I've made an attempt at it and I don't really know how to get my head around where I'm going wrong.

vowels :: String -> String
vowels [] = []
vowels xs = [] ==  [ x | x <- vowels , x == "a" || x == "e" || x == "i" || x == "o" ||  x == "u" ]

Answer 1

First of all

you're almost there

vowels xs = [ x | x <- xs , x == 'a' ||
                            x == 'e' ||
                            x == 'i' ||
                            x == 'o' ||
                            x == 'u' ]

But what is the actual error?

1. you were using the function as an input to your list
2. String litterals are surrounded by " where Char litterals have ' and internally Strings in Haskell are just [Char] so you need to use characters.

But haskell is known for conciseness and expressivity - list comprehensions are a nice way but can we do better?

yes we can!

What you actually, do is implement a filter, so let us analyze what you are filtering - vowels, so let us extract that part:

isVowel x = x == 'a' || ... || x == 'u'

well this is still not elegant, but there is a function called elem that checks whether something is contained in a list.

isVowel x = x `elem` ['a','e','i','o','u']
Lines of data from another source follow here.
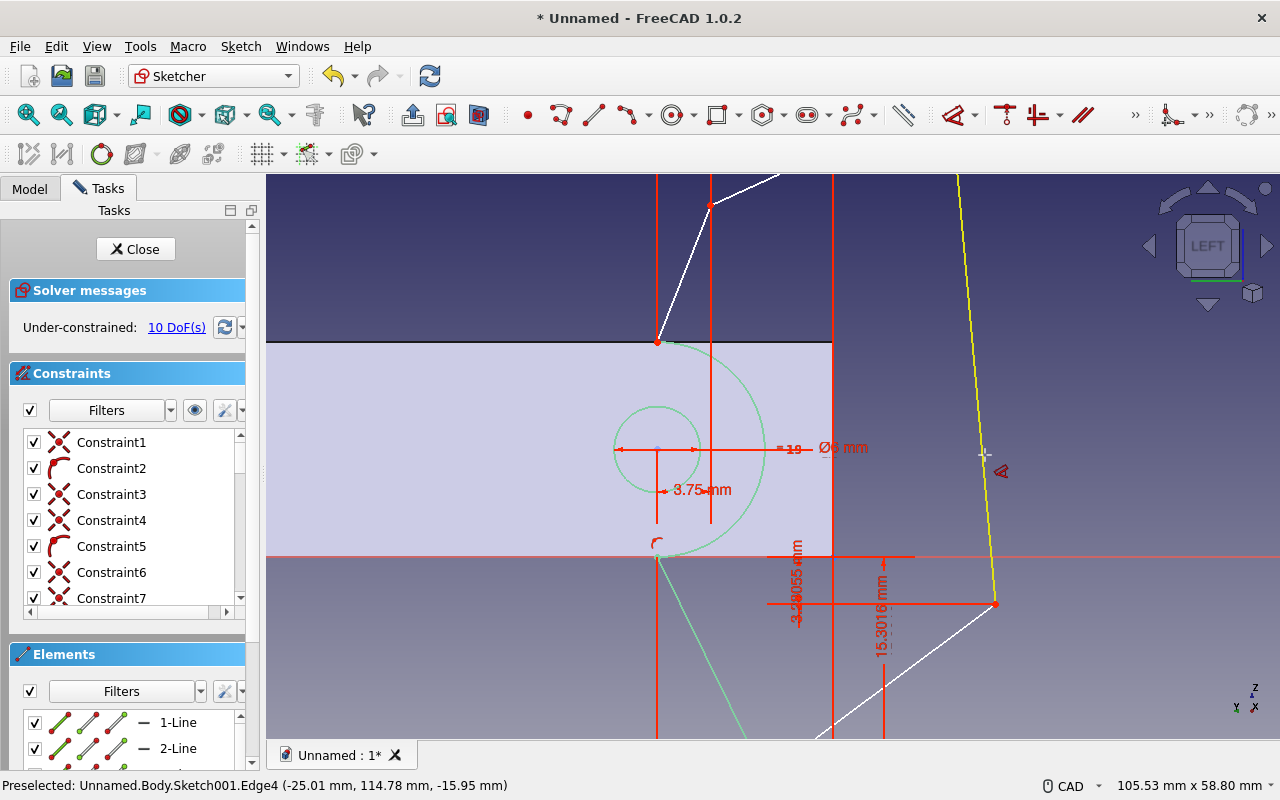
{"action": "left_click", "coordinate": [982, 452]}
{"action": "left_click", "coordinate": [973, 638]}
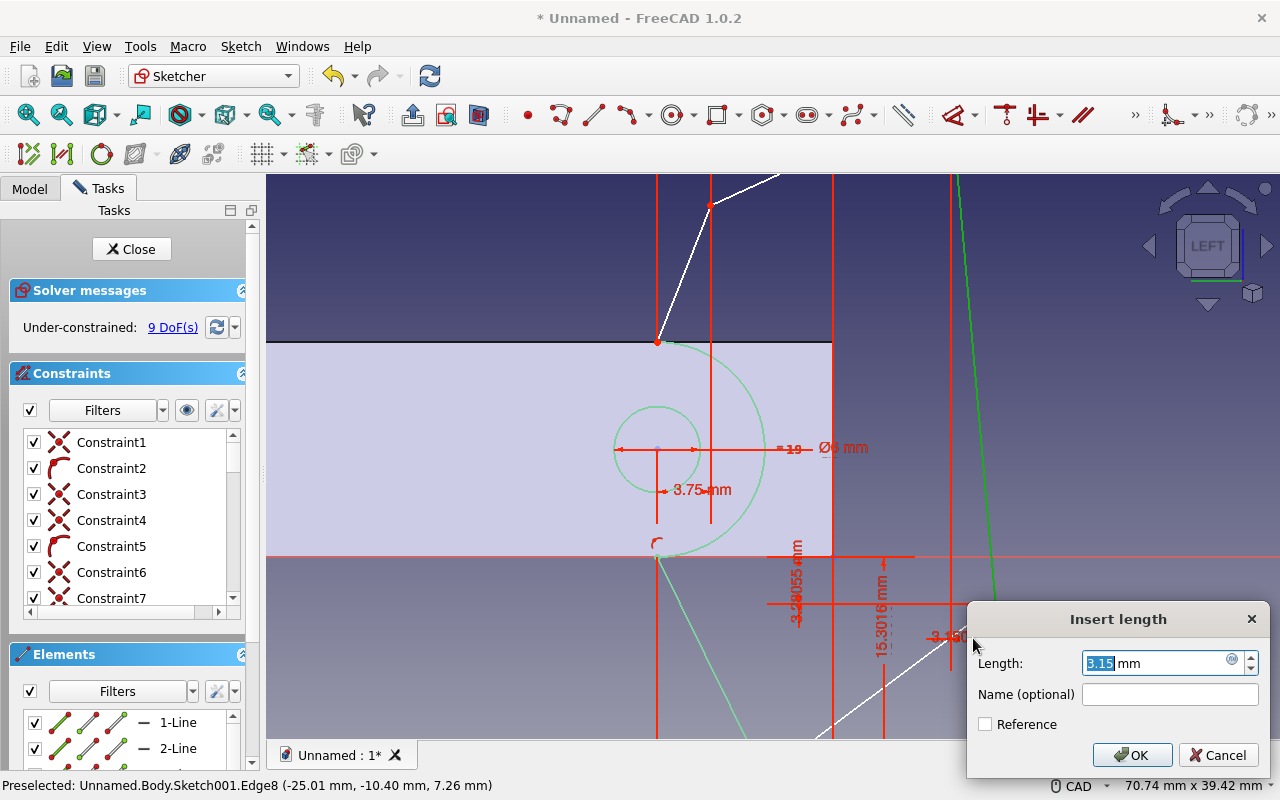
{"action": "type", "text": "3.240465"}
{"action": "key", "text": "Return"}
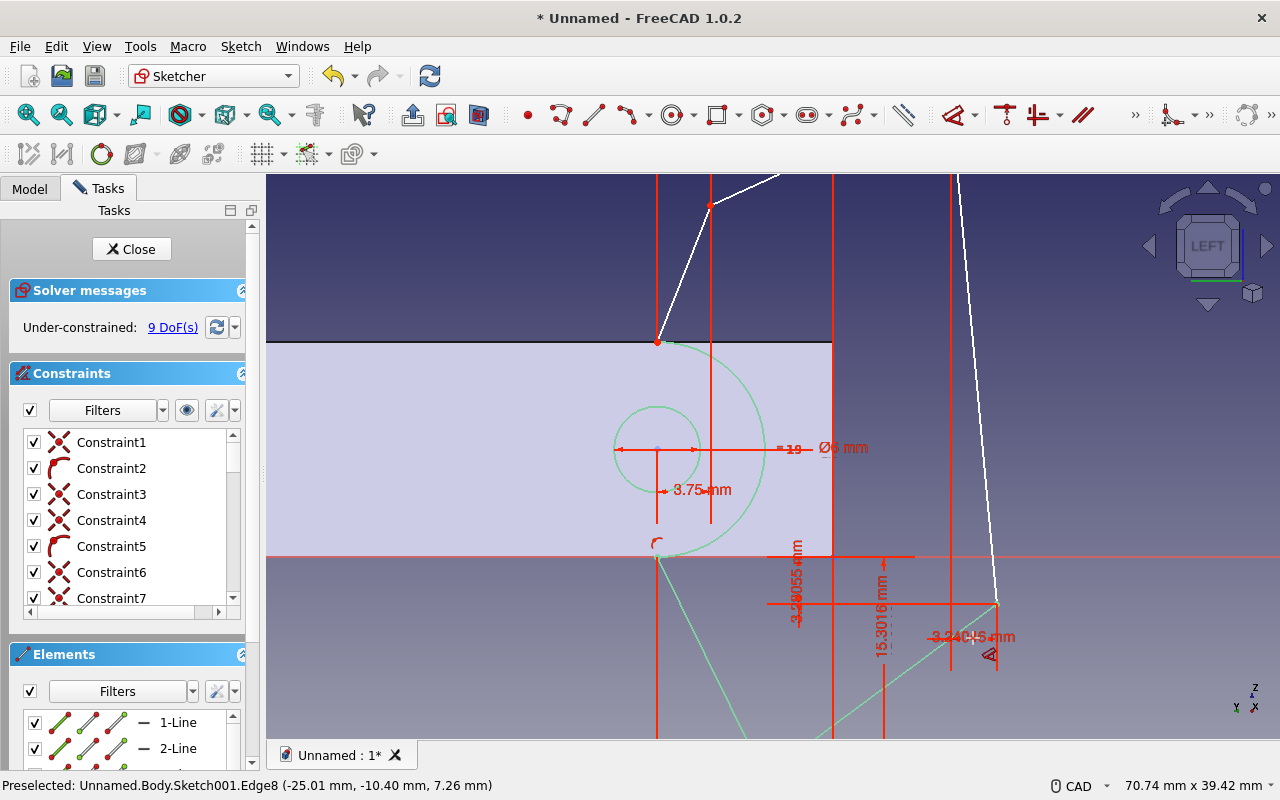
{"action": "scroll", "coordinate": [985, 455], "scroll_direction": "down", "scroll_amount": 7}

and knowing that String = [Char] we can rewrite that (using so called backtick-syntax which allows to use functions of 2 parameters as an infix function)

isVowel :: Char -> Bool
isVowel x = x `elem` "aeiou"

then coming back to the original problem now that we have a function telling us what a vowel is...

vowel :: String -> String
vowel = filter isVowel

now you might be interested where is the xs - well since haskell has a great type system it can derive that there is one parameter missing on both sides of the = sign, you don't need to write that yourself (this style is called pointfree).